Aim of the task:
Show all lines of the listing that contain the word "aerial".

Exercise materials Start Marker

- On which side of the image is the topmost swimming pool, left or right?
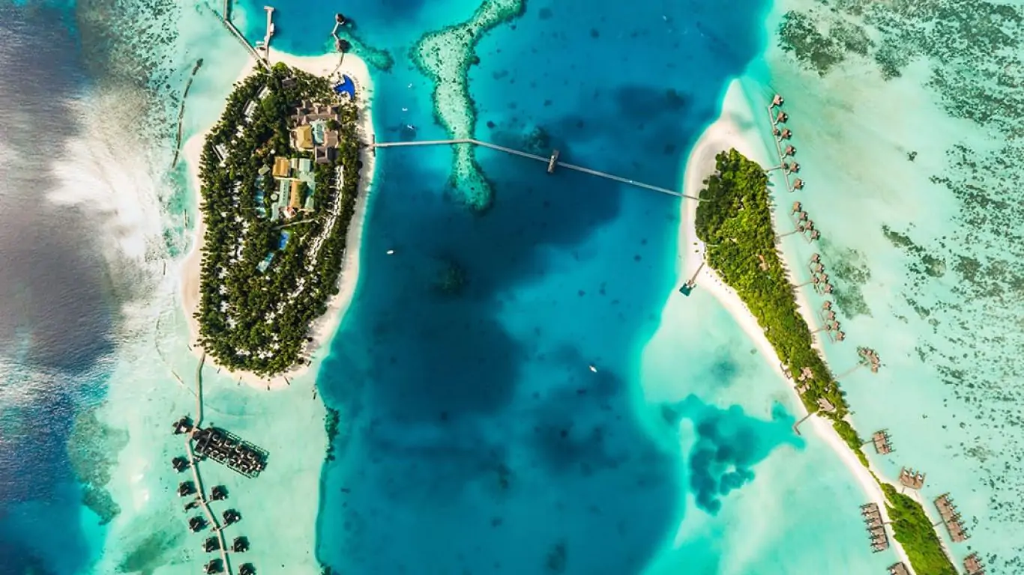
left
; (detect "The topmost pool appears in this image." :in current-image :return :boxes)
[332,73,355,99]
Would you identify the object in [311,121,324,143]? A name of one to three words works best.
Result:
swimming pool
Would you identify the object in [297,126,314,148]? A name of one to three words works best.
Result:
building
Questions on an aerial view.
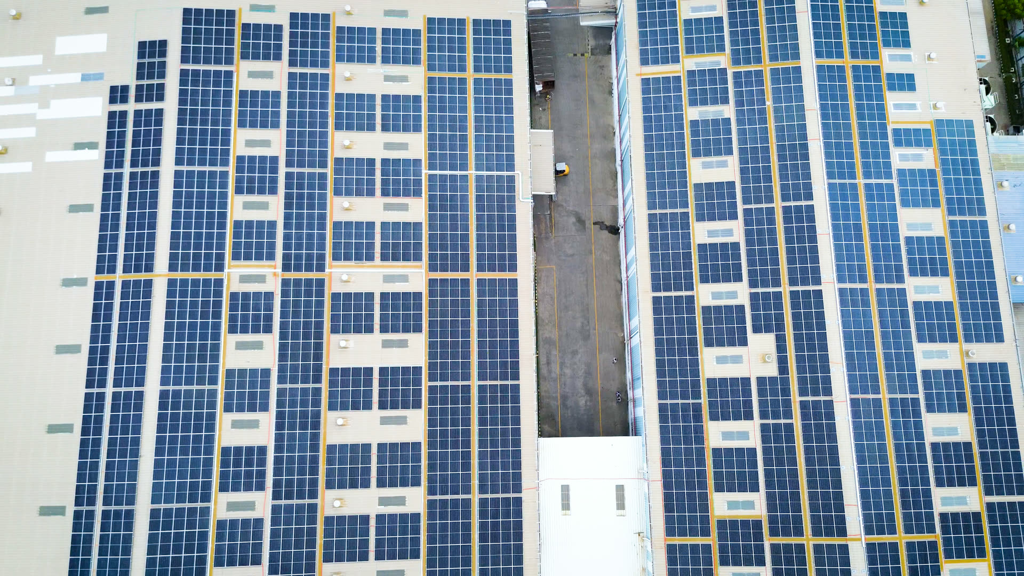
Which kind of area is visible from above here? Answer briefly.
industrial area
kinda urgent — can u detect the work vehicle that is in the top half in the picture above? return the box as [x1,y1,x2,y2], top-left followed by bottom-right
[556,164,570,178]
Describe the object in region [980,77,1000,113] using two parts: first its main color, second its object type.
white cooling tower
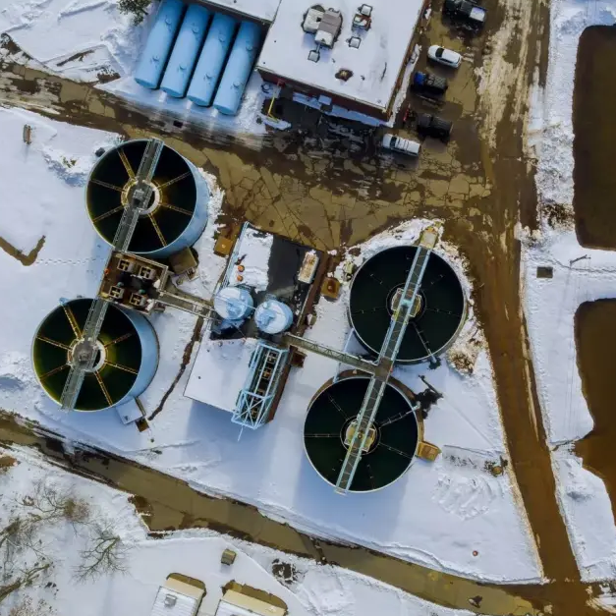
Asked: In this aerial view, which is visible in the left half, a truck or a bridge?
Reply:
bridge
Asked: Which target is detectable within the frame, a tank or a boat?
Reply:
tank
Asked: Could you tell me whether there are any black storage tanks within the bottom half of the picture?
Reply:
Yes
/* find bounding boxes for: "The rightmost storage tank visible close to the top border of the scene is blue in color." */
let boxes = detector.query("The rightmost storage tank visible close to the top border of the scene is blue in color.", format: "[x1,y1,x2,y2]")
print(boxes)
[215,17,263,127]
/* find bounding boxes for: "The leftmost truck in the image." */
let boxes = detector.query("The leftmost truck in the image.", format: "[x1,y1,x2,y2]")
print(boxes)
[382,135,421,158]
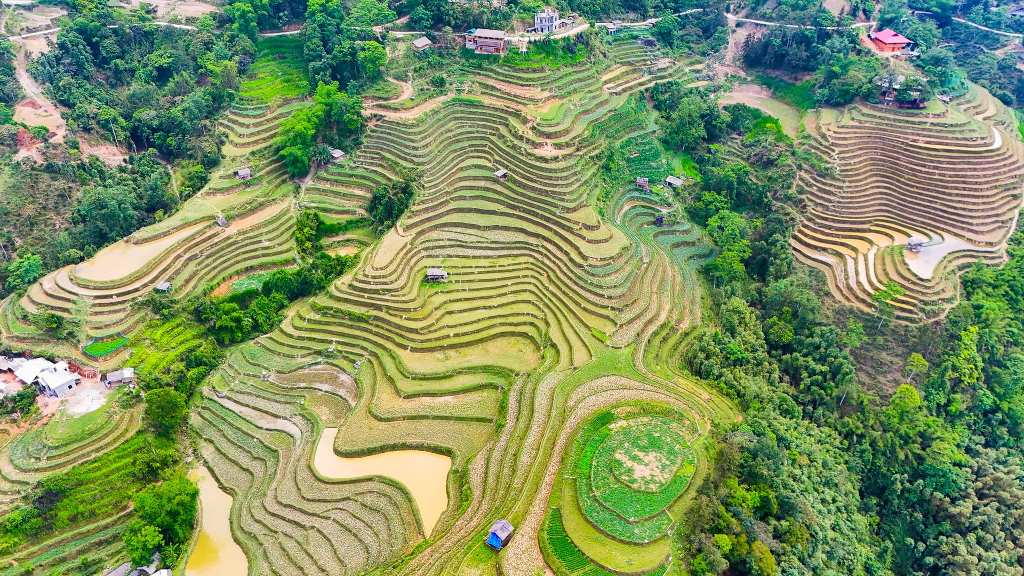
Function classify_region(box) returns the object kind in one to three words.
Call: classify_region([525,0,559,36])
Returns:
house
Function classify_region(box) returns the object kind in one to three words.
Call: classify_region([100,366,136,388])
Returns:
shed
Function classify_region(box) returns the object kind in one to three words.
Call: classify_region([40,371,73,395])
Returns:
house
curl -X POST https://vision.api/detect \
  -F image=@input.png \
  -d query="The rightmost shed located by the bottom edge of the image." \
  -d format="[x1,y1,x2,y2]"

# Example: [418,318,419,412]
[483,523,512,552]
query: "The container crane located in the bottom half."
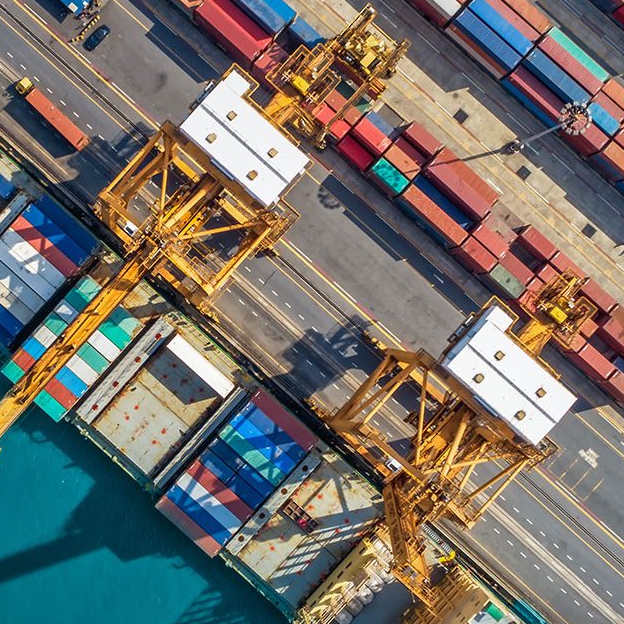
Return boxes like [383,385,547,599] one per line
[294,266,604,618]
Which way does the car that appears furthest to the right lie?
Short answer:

Exercise materials End Marker

Answer to this task:
Questions on an aerial view.
Asked: In this aerial view, which is visible in the left half, a truck or a bridge?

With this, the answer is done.